* [What to produce]: Leave out the pictures and retype, exactly, the lines below from the line with "<code> <loc_0><loc_0><loc_500><loc_500><_C++_>/*" up to and including the line with "express or implied.", nothing more.

* [Information shown]:
------------------------------------------------

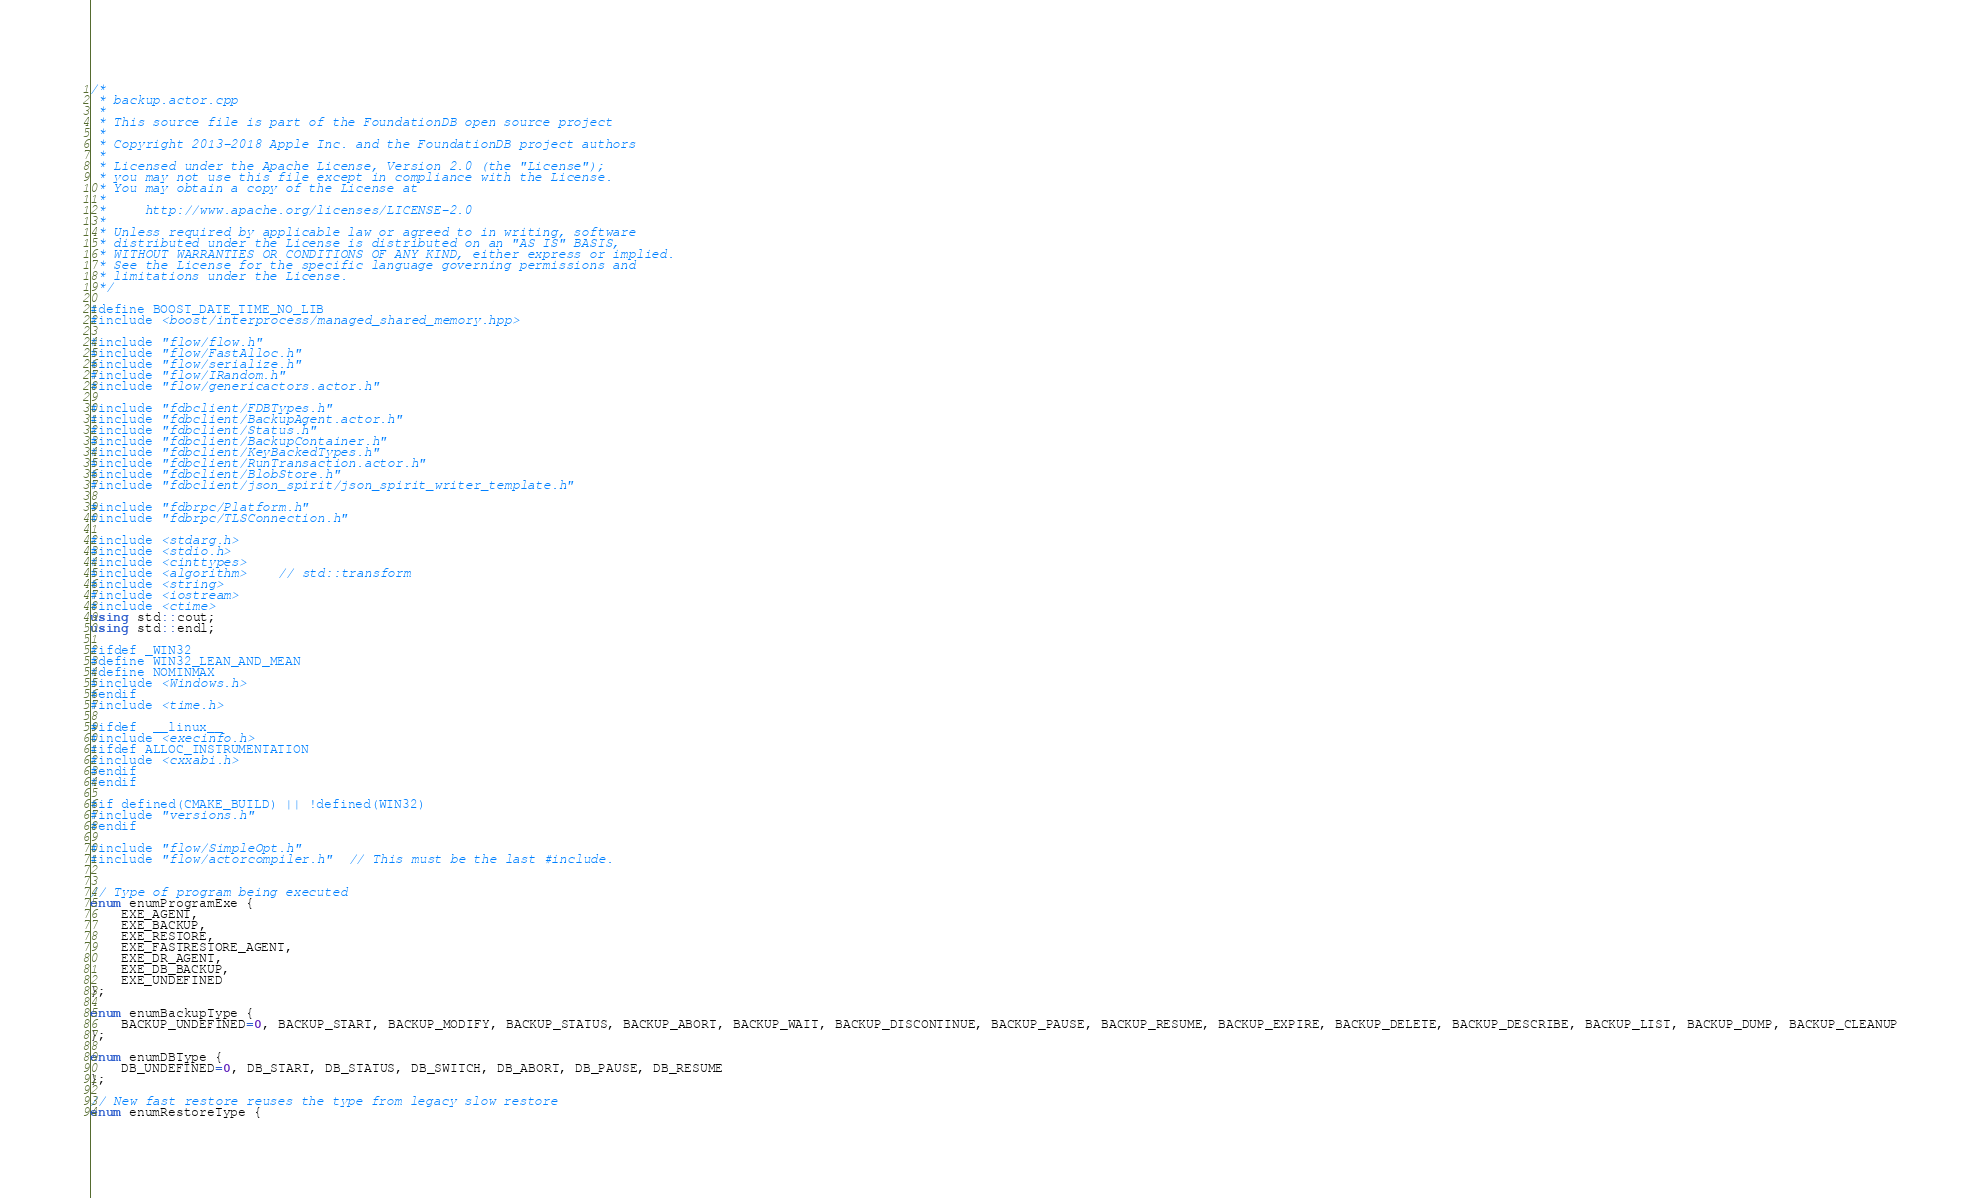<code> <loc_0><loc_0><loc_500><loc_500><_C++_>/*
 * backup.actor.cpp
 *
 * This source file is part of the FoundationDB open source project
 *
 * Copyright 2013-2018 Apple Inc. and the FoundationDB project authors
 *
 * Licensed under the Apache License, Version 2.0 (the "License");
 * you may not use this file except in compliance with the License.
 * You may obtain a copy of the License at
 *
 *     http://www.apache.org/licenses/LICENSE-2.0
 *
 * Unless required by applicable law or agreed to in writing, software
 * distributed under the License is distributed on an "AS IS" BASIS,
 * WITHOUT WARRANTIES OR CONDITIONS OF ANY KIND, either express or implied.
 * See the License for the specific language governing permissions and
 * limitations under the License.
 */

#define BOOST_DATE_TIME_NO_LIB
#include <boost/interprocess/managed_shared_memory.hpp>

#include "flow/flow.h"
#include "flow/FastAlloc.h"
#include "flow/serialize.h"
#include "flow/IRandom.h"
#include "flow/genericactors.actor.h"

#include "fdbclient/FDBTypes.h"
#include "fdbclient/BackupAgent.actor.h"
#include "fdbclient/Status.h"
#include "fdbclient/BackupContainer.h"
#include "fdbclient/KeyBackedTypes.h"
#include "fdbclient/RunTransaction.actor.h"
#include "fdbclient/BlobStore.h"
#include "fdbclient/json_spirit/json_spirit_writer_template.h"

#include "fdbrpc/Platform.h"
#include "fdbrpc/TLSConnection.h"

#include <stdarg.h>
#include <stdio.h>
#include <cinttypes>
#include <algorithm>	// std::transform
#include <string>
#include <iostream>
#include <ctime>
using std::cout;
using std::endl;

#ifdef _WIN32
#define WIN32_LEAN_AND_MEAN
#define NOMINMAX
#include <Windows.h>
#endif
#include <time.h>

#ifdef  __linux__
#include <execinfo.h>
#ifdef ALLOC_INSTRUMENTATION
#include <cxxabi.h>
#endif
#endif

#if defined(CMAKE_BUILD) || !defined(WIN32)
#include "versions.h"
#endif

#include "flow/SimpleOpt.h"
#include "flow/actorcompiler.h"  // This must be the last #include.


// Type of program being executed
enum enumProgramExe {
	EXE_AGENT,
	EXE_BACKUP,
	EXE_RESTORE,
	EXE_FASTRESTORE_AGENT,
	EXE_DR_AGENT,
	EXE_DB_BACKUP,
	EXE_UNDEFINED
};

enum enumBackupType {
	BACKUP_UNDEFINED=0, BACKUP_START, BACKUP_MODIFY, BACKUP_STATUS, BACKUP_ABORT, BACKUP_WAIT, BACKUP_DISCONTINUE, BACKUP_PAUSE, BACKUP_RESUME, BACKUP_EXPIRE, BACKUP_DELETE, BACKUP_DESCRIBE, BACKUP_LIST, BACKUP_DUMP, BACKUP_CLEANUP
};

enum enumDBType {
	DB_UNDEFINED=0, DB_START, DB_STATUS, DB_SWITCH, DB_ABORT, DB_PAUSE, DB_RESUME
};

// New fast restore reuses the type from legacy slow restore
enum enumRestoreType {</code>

------------------------------------------------

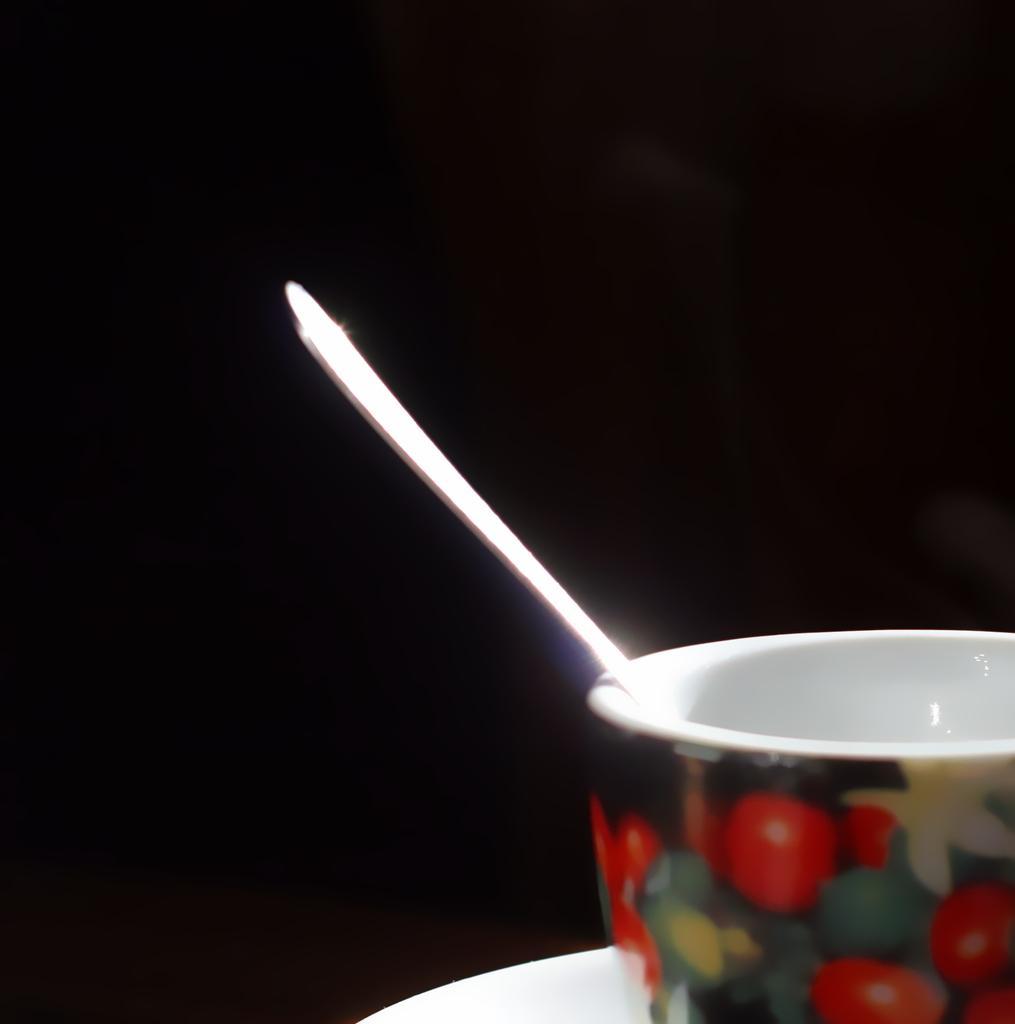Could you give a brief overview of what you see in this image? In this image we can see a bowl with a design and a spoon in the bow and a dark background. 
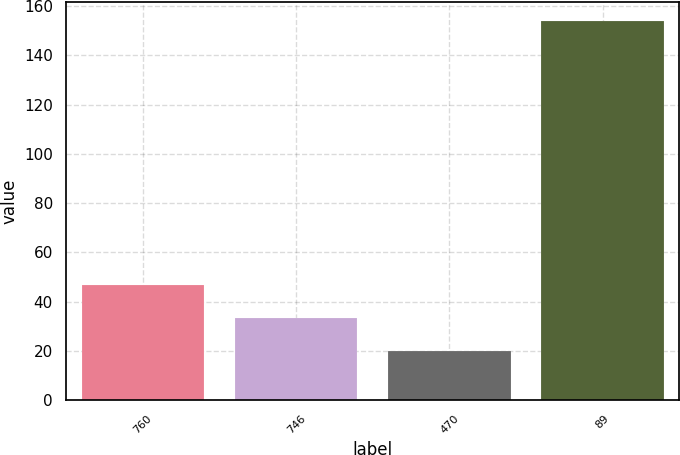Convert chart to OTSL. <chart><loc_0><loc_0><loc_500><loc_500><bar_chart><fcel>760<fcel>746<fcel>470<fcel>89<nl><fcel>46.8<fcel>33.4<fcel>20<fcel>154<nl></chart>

------------------------------------------------

* [Answer to the problem]:
<code> <loc_0><loc_0><loc_500><loc_500><_C++_>/*
 * backup.actor.cpp
 *
 * This source file is part of the FoundationDB open source project
 *
 * Copyright 2013-2018 Apple Inc. and the FoundationDB project authors
 *
 * Licensed under the Apache License, Version 2.0 (the "License");
 * you may not use this file except in compliance with the License.
 * You may obtain a copy of the License at
 *
 *     http://www.apache.org/licenses/LICENSE-2.0
 *
 * Unless required by applicable law or agreed to in writing, software
 * distributed under the License is distributed on an "AS IS" BASIS,
 * WITHOUT WARRANTIES OR CONDITIONS OF ANY KIND, either express or implied.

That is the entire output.